Supplied information:
---------------
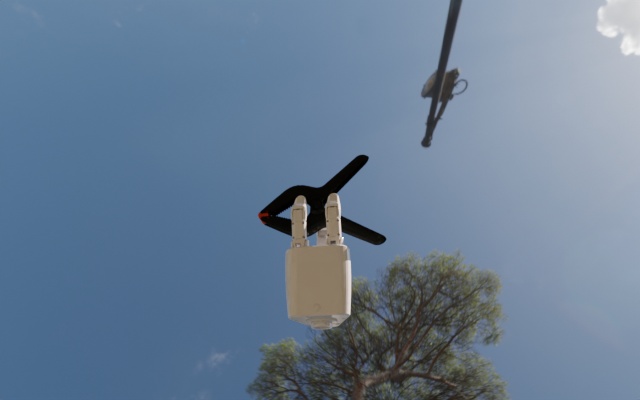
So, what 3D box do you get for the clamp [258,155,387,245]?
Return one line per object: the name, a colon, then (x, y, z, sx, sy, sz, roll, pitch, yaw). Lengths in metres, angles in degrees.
clamp: (0.000, 0.003, 0.810, 0.210, 0.164, 0.036, -4, -25, 6)
---------------
Task to complete: Every line of the data above should be repeated exactly. Omit the pictures.

Response for this exercise:
So, what 3D box do you get for the clamp [258,155,387,245]?
Return one line per object: the name, a colon, then (x, y, z, sx, sy, sz, roll, pitch, yaw). Lengths in metres, angles in degrees.
clamp: (0.000, 0.003, 0.810, 0.210, 0.164, 0.036, -4, -25, 6)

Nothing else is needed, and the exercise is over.